L’opposabilité à la victime exerçant l’action directe de la clause d’arbitrage ou de la clause attributive de juridiction contenue dans le contrat d’assurance : entre raison et déraison.
La position de la victime exerçant son action directe contre l’assureur de responsabilité, sur le fondement de l’article 124-3 du Code des assurances ou sur celui d’un autre droit (l’action directe étant connue de nombreux systèmes d’assurance) est confortable, ou inconfortable, selon qu’on lui oppose une clause d’arbitrage ou une clause attributive de juridiction.
C’est en effet deux postions radicalement opposées qui ressortent de décisions rendues à un an d’intervalle par la Cour de cassation (Civ.1, 19 décembre 2018, n°17-28.951) et par la Cour de Justice de l’Union Européenne dans ses affaires Assens Havn/ Navigator Management UK Ltd (13 juillet 2017, aff. C-368/16) et KABEG c/ MMA IARD (20 juillet 2017, aff. C-340/16).
L’affaire soumise à la Cour de cassation mettait en scène une victime exerçant son action directe devant les tribunaux judiciaires français contre l’assureur d’une péniche ayant commis un dommage. L’assureur fait valoir avec succès devant les juridictions du fond l’existence d’une clause d’arbitrage dans la police d’assurance pour s’opposer à la compétence des tribunaux français. La Cour de cassation lui donne raison, au motif, bien connu des praticiens de l’arbitrage et prévu par l’article 1448 du Code de Procédure Civile, que la clause d’arbitrage n’était pas manifestement inapplicable. La règle posée par cet article est qu’en effet l’arbitre a priorité pour statuer sur sa propre compétence, de sorte que cette priorité n’est écartée que si la clause d’arbitrage est manifestement inapplicable, ce qui n’était pas le cas en l’espèce selon la Cour.
Une année plus tôt, la Cour de Justice de l’Union Européenne avait adopté une position radicalement différente s’agissant de l’opposabilité au tiers exerçant son action directe, de la clause attributive de juridiction. Dans sa décision Assens Havn/ Navigator Management UK Ltd la Cour avait estimé que la clause ne lui était pas opposable, dans la mesure où il est tiers au contrat d’assurance, et qu’il est une partie faible.
En outre, selon la Cour, la responsabilité de l’assureur est contractuelle vis-à-vis de son assuré, et non contractuelle vis-à-vis de la victime tierce à ce contrat. La Cour avait déjà considéré, dans un arrêt du 12 mai 2005 (aff C-112/03, Sté financière et industrielle du Peloux) que la clause attributive de juridiction est inopposable au bénéficiaire de la police, lorsque celui-ci n’est pas le souscripteur (par exemple un adhérent dans une police d’assurance groupe).

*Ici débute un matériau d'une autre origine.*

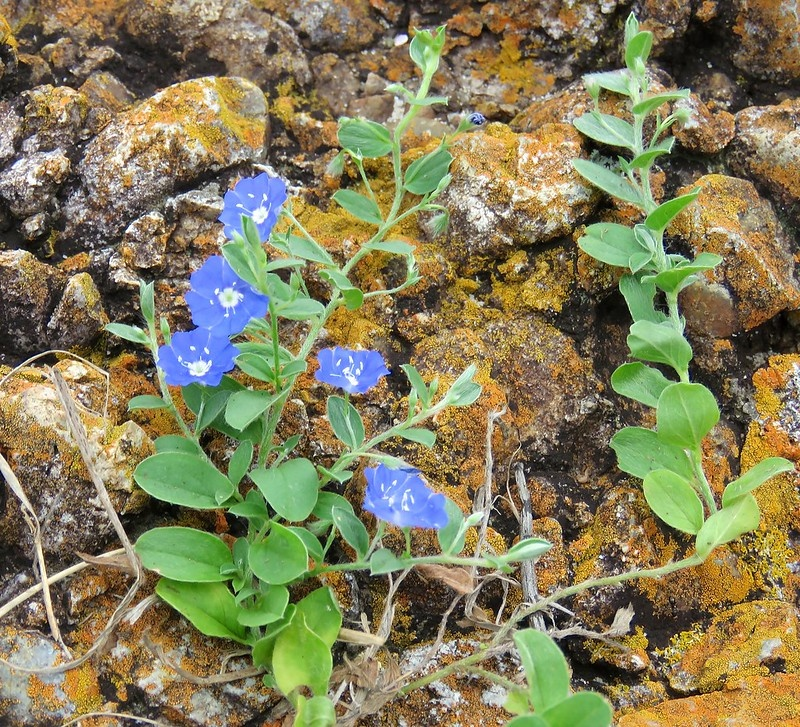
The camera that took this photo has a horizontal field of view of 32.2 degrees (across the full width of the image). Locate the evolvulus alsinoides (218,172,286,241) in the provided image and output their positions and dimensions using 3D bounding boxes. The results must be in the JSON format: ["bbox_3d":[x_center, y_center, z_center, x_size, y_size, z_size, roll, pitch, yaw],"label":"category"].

L’arrêt KABEG c./MMA IARD va même plus loin, autorisant celui qui a payé la victime et est subrogé dans ses droits à bénéficier de la favor laesi, fût-il un autre assureur subrogé, ou bien un employeur, de sorte que la clause attributive de juridiction lui est à lui-aussi inopposable.
On voit bien la différence de traitement entre la clause attributive de juridiction, déclarée inopposable au tiers exerçant son action directe, et la clause d’arbitrage, suffisante à faire échec aux règles de compétence de droit commun, notamment celles protectrices de la victime. A vrai dire, la question aurait pu être réglée par l’article 2061 alinéa 1 du Code civil, qui prévoit qu’une clause d’arbitrage ne peut pas être opposée à une personne n’ayant contracté dans le cadre de son activité professionnelle.
Se fondant sur le raisonnement de l’opposabilité du contrat d’assurance au tiers exerçant son action directe, ce dernier pourrait à son tour se prévaloir de cet article pour rejeter la clause d’arbitrage. Reste qu’il est probable que, dans cette affaire, cet article issu de la Loi du 18 novembre 2016, n’était pas entré en vigueur.